As for autoscaling, our hands are tied as long as we're running on Nomad. Right now our autoscaler is nothing more than some ruby that loops over data from prometheus and changes counts in Nomad. It's slow and buggy, but worse we don't have control over where Nomad places VMs or which ones it stops when scaling down.
We're working on a replacement for Nomad (called flyd) that gives us full control over VMs.

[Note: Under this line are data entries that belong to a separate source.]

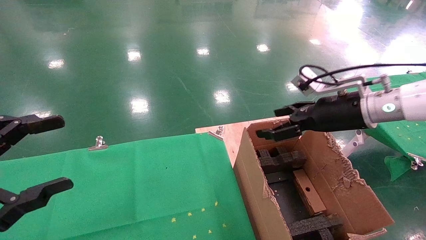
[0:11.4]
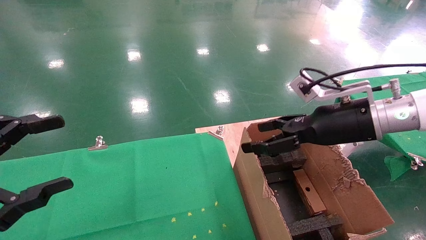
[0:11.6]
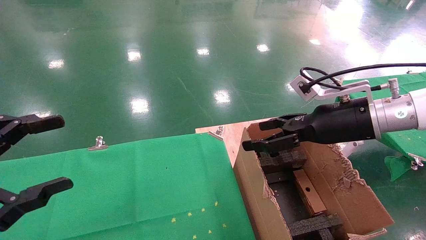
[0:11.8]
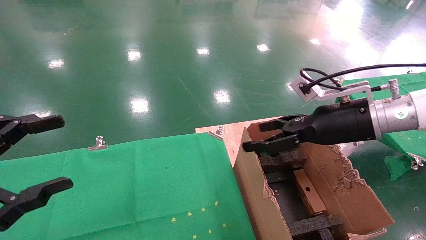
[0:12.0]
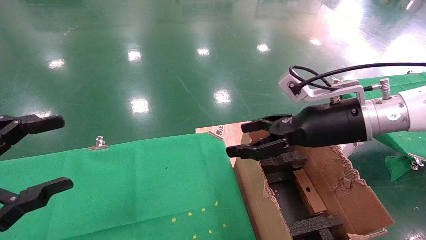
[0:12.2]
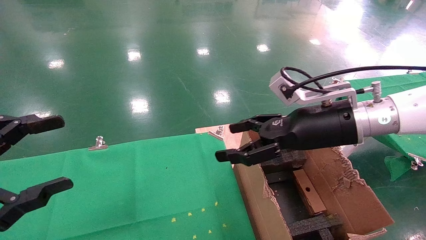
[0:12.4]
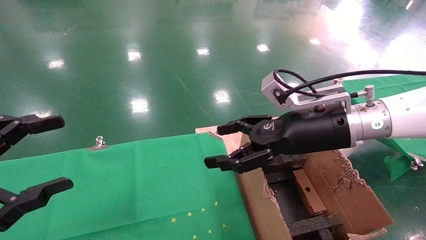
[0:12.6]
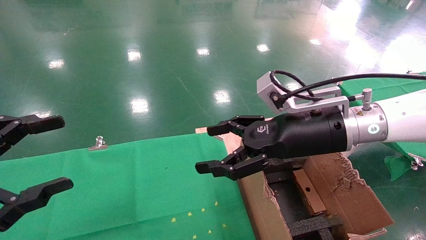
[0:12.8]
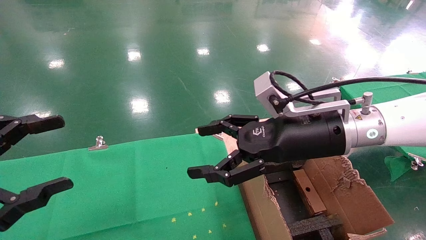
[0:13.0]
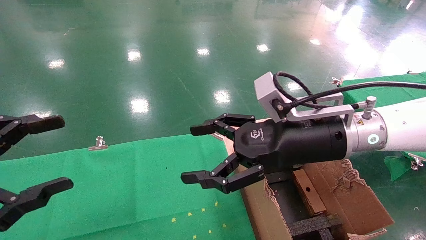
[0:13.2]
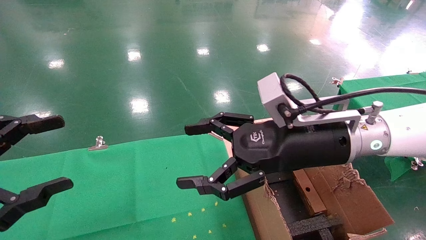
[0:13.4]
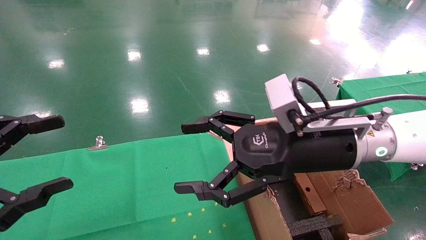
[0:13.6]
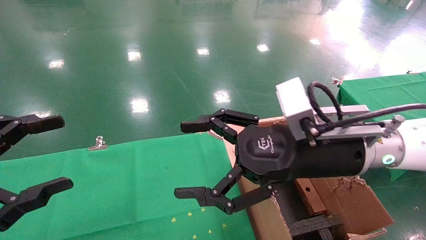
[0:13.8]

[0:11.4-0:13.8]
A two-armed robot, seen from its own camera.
Task of the whole recording: using a robotic arm to pick up a cardboard box and palace it the carton.
0:11.4 to 0:12.6: The right gripper is displaced to the left by approximately 10 cm.
0:12.6 to 0:13.8: The right gripper ends up about 5 cm from where it was.

Once apps are running on that we can do a lot of cool things. Better autoscaling is one, but I'm really excited about suspending idle VMs that our proxy wakes up on demand. That'll cover most use cases without forcing customers to worry about counts or blowing through a budget.
I’d love to hear more about this move away from Nomad.
We haven’t had too good a time with nomad, but not sure if it’s just our limited understanding. It doesn’t help that there are very few people out there that know it.
We'll write about it when the time comes. To be fair, Nomad and Consul have served us well. Most of our troubles stem from abusing them in ways they weren't designed to handle.
We're working on a replacement for Nomad (called flyd) that gives us full control over VMs. Once apps are running on that we can do a lot of cool things. Better autoscaling is one, but I'm really excited about suspending idle VMs that our proxy wakes up on demand. That'll cover most use cases without forcing customers to worry about counts or blowing through a budget.